È probabile che alla fine alle tre imbarcazioni sia consentito l’attracco ai porti italiani, come avvenuto nel 2018-19, ma che nuove iniziative saranno prese dal governo per impedire lo sbarco di chi si trova a bordo o per bloccarne la ripartenza – la strategia favorita dal precedente ministro dell’Interno, Luciana Lamorgese.
Le reazioni
La decisione del governo italiano di impedire gli attracchi e di tirare in ballo governo esteri ha immediatamente causato reazioni, per ora piuttosto modeste. In base ai trattati internazionali, un’imbarcazione in difficoltà ha il diritto di sbarcare i naufraghi raccolti nel più vicino porto sicuro. Se la definizione di questo termine è piuttosto incerta, con alcuni che sostengono che quelli libici possano rientrare nella definizione, nessuna legge obbliga una nave a sbarcare gli eventuali naufraghi soltanto nel paese in cui è registrata.

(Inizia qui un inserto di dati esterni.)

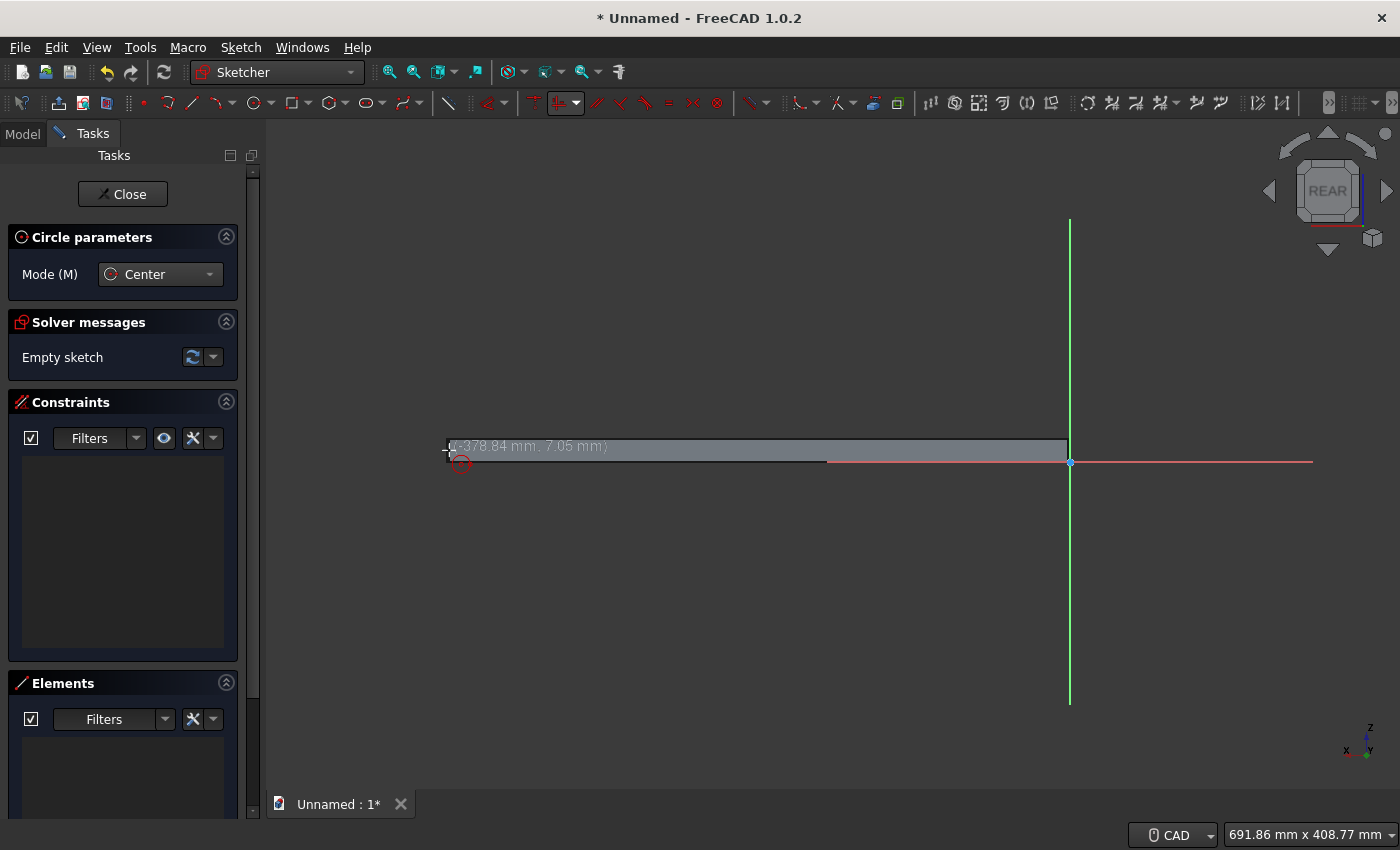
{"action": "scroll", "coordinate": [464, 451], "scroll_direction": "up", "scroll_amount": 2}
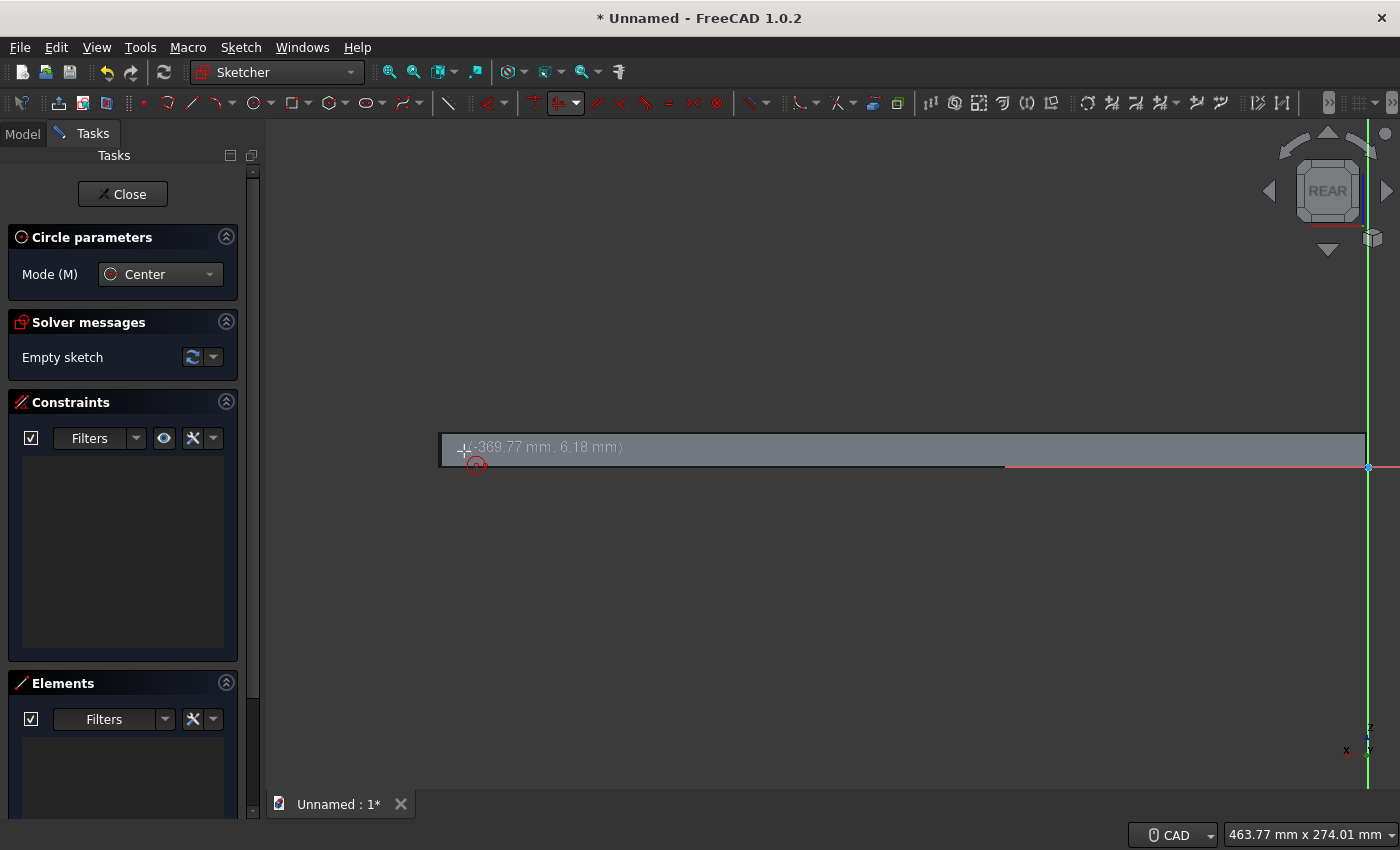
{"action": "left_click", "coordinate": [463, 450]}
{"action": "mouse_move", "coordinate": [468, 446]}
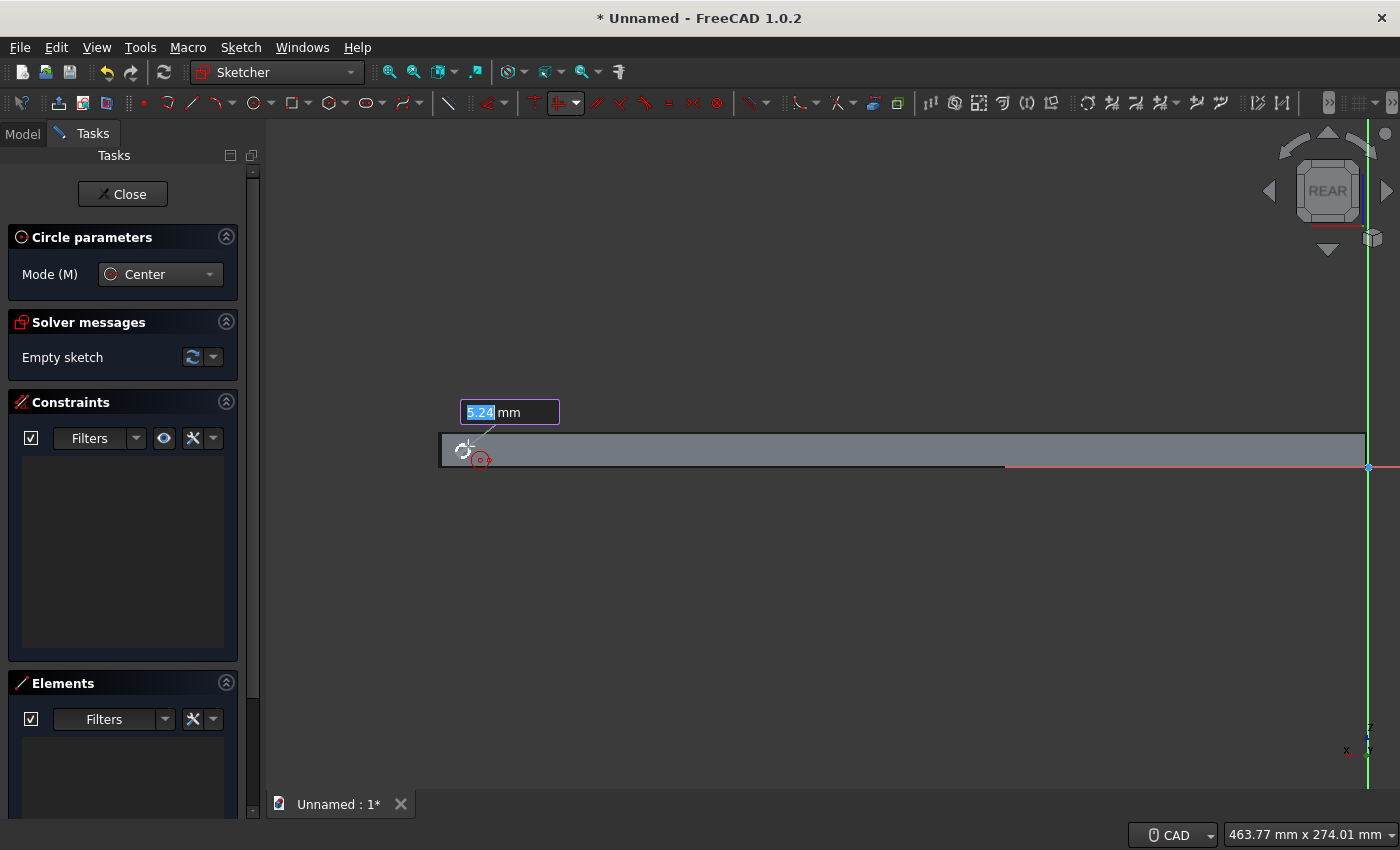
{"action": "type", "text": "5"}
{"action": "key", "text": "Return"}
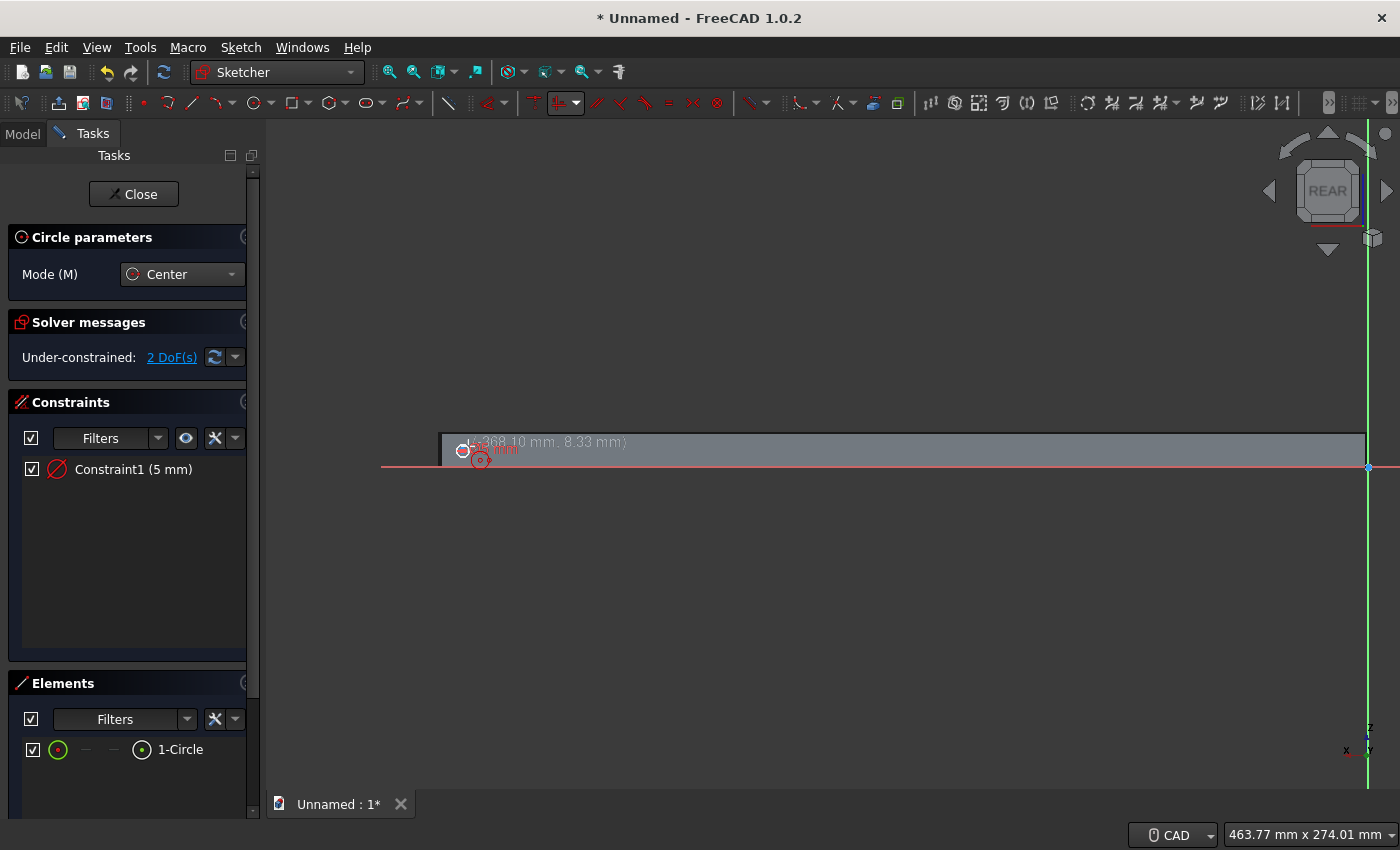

Dopo le parole di Meloni che tiravano in ballo il governo tedesco, l’ambasciata tedesca ha risposto con una nota in cui chiede al governo italiano di «prestare velocemente soccorso», sottolineando che a bordo ci sono oltre cento minori. In seguito alle pressioni tedesche, sembra che le autorità italiane potrebbero consentire lo sbarco soltanto ai minorenni a bordo.
Anche la Commissione è stata prudente e ieri, interpellate in una conferenza stampa, una portavoce si è limitata a dire: «Ricordiamo che salvare vite in mare è un dovere morale e un obbligo legale di diritto internazionale degli Stati membri indipendentemente dalle circostanze».